I would use 'sed' - untested:

   sed -e '1,$s/$^..........$..........$.*$/\1xx\2/' < text.txt >
new.txt

1) This code relies on the exact width of 10 positions per column,
   in 'sed' a single period '.' fits any single character.
2) The code does not insert any spaces around the 'xx'.
3) See the manual on 'ed' and 'sed' to understand the command,
   esp. to adapt it if ou do not like the result.
4) Test it before going productive - this is not checked !

Vangelis Haniotakis [haniotak_at_ucnet.uoc.gr]

I'd heartily recommend using Perl for this sort of work.
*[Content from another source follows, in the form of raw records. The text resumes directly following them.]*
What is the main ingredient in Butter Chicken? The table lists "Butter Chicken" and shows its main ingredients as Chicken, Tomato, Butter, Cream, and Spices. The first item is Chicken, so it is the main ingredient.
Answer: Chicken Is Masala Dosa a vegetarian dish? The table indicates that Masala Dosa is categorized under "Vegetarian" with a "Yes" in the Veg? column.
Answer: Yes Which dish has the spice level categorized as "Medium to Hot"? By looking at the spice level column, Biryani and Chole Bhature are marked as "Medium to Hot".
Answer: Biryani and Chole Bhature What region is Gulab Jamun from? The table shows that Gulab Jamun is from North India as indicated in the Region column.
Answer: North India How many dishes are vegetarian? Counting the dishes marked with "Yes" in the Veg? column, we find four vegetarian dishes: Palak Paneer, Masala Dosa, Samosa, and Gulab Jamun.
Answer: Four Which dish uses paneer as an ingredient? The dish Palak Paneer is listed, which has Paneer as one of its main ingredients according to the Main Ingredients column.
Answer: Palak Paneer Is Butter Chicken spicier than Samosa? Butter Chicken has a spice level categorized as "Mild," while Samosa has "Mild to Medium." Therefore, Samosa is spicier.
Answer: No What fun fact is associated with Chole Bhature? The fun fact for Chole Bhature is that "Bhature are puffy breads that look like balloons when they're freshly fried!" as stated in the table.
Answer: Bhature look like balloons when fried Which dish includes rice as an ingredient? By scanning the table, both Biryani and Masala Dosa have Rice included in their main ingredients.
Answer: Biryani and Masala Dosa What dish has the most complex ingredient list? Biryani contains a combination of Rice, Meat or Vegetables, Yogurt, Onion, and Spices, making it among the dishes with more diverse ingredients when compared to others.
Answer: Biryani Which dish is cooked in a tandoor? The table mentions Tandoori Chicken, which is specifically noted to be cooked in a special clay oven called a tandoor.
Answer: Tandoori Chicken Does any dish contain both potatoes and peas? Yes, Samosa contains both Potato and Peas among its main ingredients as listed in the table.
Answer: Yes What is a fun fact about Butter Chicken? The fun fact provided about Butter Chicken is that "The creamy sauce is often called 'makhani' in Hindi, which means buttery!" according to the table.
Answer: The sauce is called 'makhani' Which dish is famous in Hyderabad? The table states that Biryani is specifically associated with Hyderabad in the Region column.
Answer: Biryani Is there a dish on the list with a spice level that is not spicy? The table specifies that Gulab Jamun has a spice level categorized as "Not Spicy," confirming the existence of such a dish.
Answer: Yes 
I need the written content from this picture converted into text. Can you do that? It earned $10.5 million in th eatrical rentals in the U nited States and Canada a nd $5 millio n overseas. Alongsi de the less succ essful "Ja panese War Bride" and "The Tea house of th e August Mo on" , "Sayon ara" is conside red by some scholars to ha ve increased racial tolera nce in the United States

Perl is your
friend, and this sort of work can be done in perl in a (very) few lines.
Go buy the Camel book (Programming Perl, by Larry Wall), you'll be glad
you did.

Anyway, without further ado:

#!/bin/perl
open TEXT, "<text.txt";
open OUT, ">out.txt";
while (<FILE>) {
  ($a, $b, $c) = split $_;
  print OUT "$a xx $c";
}
close FILE;
close OUT;

Lucio Chiappetti [lucio_at_ifctr.mi.cnr.it]
You should use a dedicated tool ... In awk the thing can be done as follows
:

    awk -f myscript.awk < infile > outfile

where myscript.awk is

{print $1,"xx",$3}

Variations on the theme are possible like :

    awk '{print $1,"xx",$3}' < infile > outfile

or even invoking myscript.awk if you make it executable and prefix it
with a line #!/usr/bin/awk -f.

Note : the above takes the first and third field of each line, replaces
the second with xx and separates them with a single space. If you want to
preserve 10-char columns replace print with appropriate printf

+-----------------------------------+---------------------------------+
| Danielle Georgette | Unix is very user friendly, its |
| Unix Admin | just rather particular about |
| danielle.georgette_at_asx.com.au | who it makes friends with. |
+-----------------------------------+---------------------------------+
| All opinions are my own unless clearly stated otherwise. |
+---------------------------------------------------------------------+

Question:

Simple problem: I have a file text.txt containing space formatted text:

a1 a2 a3
b1 b2 b3
c1 c2 c3

etc, where each column is 10 spaces wide.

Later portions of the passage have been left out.